A few hours after the Redskins' first preseason game this summer, a longtime season-ticket holder named Joe Davis from Silver Spring sent me an e-mail.

"Wow," began his note. "I've been to a lot of away games, and up until now FedEx [Field] has been the worst game day experience. But everything tonight was different."

Now, my first thought was the same as yours: The Redskins made this guy e-mail me! Well, claim denied.

Some of the things Davis cited - the big-screens, for example - have been repeatedly publicized throughout the offseason, so they weren't exactly breaking news. But Davis said other things had improved his night, like friendly ushers who told him to have a good night when he left the stadium.

So I went to the next home preseason game, and walked out of a couple different exits, and it was the same. I was bombarded with "Thanks for coming, get home safe," and "Good night sir, good night." I walked past the guest services window and was offered a choice from a bowl of candy; "We've got a new group down here, and this is how we do it," one of the staffers told me. I watched one usher insist on escorting an older woman down to her lower-level seats, calling her "ma'am" the whole way.

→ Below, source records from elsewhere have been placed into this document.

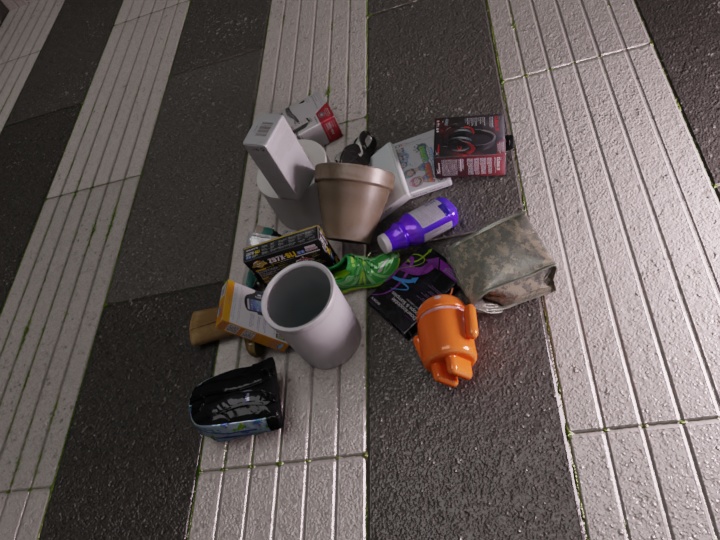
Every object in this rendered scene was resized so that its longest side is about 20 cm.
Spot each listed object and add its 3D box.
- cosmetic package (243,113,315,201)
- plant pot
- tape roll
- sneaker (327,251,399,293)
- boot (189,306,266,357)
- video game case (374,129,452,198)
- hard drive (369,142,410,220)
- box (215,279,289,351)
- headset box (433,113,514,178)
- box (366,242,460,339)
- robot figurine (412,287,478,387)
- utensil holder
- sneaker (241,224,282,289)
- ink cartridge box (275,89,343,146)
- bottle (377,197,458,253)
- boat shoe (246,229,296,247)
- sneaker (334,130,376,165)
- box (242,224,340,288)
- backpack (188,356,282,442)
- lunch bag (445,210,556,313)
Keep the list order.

And I talked with another usher who showed me the new staff guidebook that all employees are now required to carry. It has, among other things, an A-Z stadium directory, a pictorial guide to different credentials and tickets, and an amazing list of staff behavior guidelines, which include no chewing gum, no toothpicks, no hands in pockets, no leaning on railings, no watching the game, no frosted tips and no excess hair gel or grease, plus restrictions on sideburn and fingernail lengths.

(Also, ushers are not permitted to talk to the media. But this was for a good cause.)

This person was a longtime usher, which makes him something of an exception. Because here's something else that's new: most of the FedEx Field staffers. All of the 800 or so game-day staffers were required to reapply for their jobs, and were asked questions about the stadium and why they wanted to work there. About half did not reapply or were not re-hired, and many others switched positions.

There were other changes, according to the team. Every game-day department has bright new color-coded shirts and hats to distinguish them and help them stand out from fans. There are new companies handling parking and facility cleaning. The concourse floors were power-washed, and the team committed to repainting just about everything, including about 14 miles of railings and much of the inside bowl.

"We knew we had things to improve on, so we did it," Dave Donovan, the team's chief operating officer, told me. "It's not acceptable for anybody to be unhappy with the experience they have at the stadium, and that goes from food to parking to everything else."

Now, it's easier to make things work during a sparsely attended preseason game than during a packed regular season opener. And the team was starting from a big game-day experience hole, with a long way to climb just to get to the NFL average.

Donovan also said that none of these changes were made in response to anything that happened last season, that all of these things were in discussion prior to the fan anger that cropped up last year. Still, whatever the reason, it can't hurt.

"They're trying to make this the best customer-service facility in the league," one usher told me. "And I agree with that."